Steinlen e Le Chambard socialiste

steinlen_CHAMBAR.jpgDisegni di Steinlen, Le Chambard socialiste n° 14, 17 aprile 1894.

 

Jean-Luc Jarnier



"Steinlen Alexandre, illustratore molto parigino, nato a Losanna nel 1859" [1]. È con queste parole che inizia la notizia dedicatagli da henri Béraldi nel 1892 in Les graveurs du XIXe siècle [Gli incisori del XIX secolo] [2]. E per riprendere il titolo di un'opera di Francis Jourdain, Steinlen ha per reputazione di essere stato un grande disegnatore di stampe popolari [3].

Fu uno degli illustratori di stampa francesi più in vista alla fine del XIX secolo. Dopo aver trascorso la sua giovinezza in Svizzera, nel 1881, Steinlein risiede a Montmartre. Il caso di un incontro lo pongono in contatto con Adolphe Willette. Rapidamente, disegna per la stampa. Disegna per la rivista del Chat Noir, incontra Aristide Bruant e disegna per il Mirliton. Nel 1891, inizia, per quasi dieci anni, una collaborazione notevole con Gil Blas illustré. Firma più di 700 illustrazioni. Socialista agli inizi, Steinlen si orienta progressivamente verso gli ambienti anarchici e la sua opera artistica si iscrive, da quel momento, ulteriormente nel campo della critica sociale e della satira politica.

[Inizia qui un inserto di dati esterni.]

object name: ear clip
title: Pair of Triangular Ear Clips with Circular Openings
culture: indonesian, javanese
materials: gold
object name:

Steinlen collabora al Chambard socialiste (di tendenza anarco-sindacalista) sin dal primo numero uscito il 16 dicembre 1893 e consegna delle illustrazioni, delle litografie [4] sino al numero 32 [5], firmandosi Petit Pierre.

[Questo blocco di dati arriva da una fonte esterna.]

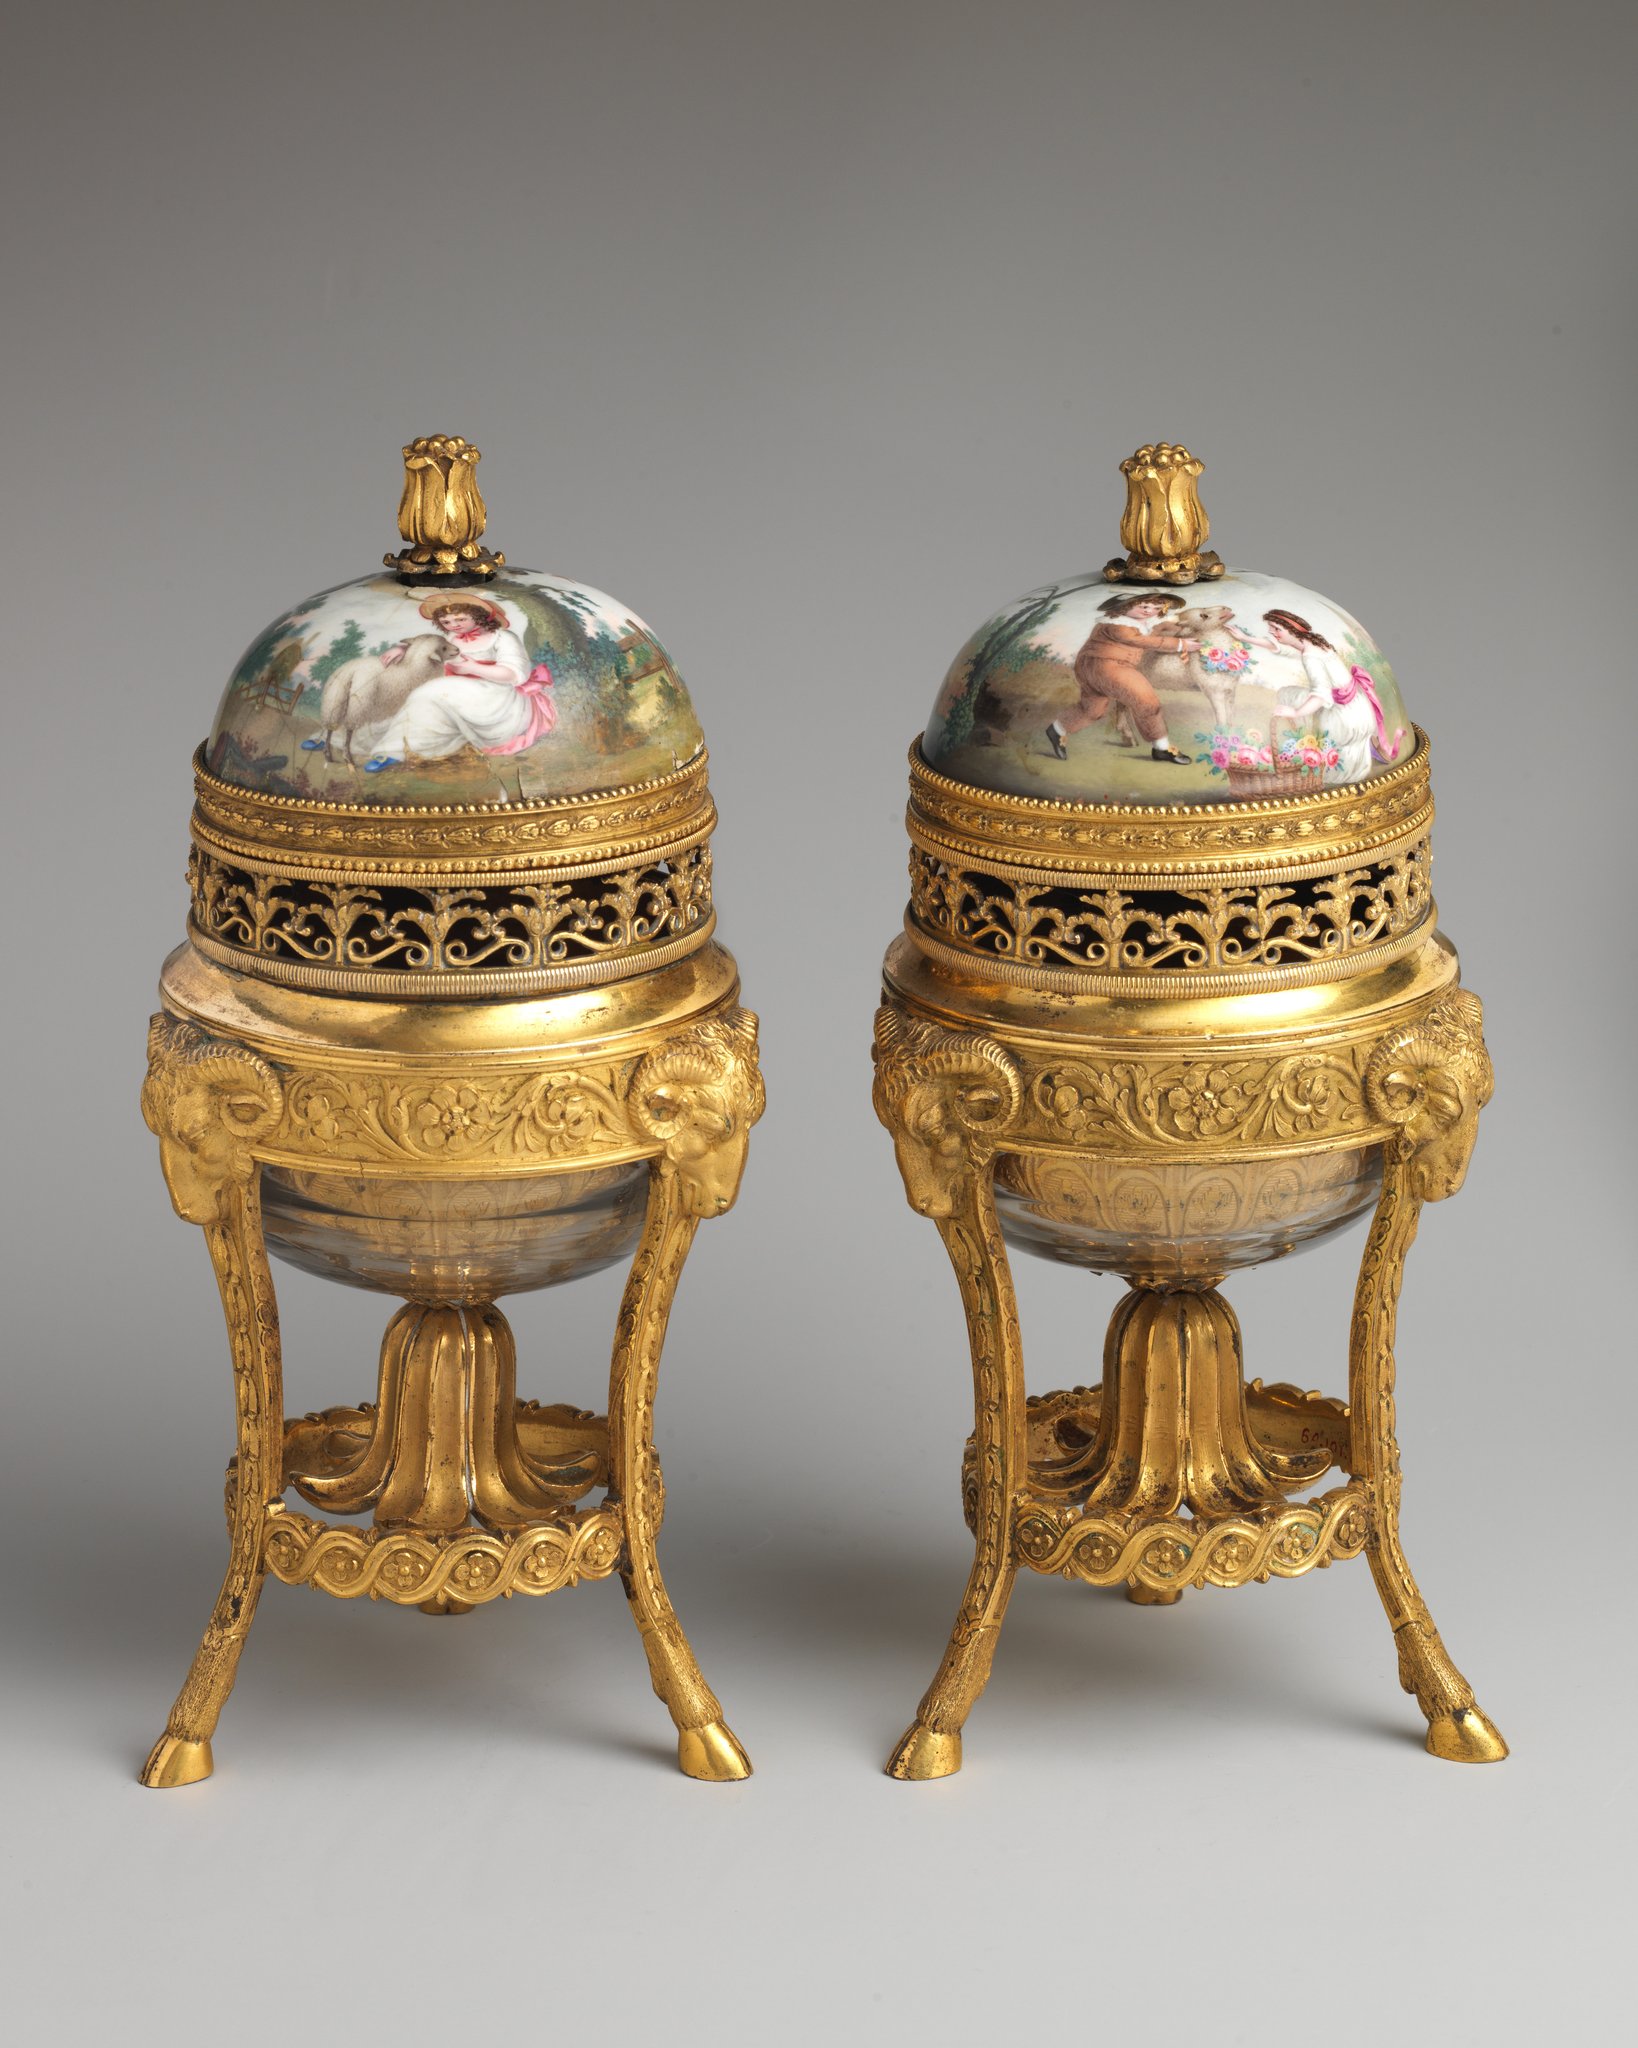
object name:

Steinlen non firmò nessuna illustrazione per il 33° numero. Smise di collaborare al Chambard nel luglio del 1894, poco prima di una retata contro gli anarchici ed altri individui giudicati sovversivi. Si recò all'estero per sei mesi (Germania e Norvegia).

Le Chambard socialiste era un settimanale di 4 pagine diretto da Alfred Géraud-Richard del formato 50x35 cm con in genere una illustrazione in prima pagina. La tiratura oscillava intorno alle 20.000 copie.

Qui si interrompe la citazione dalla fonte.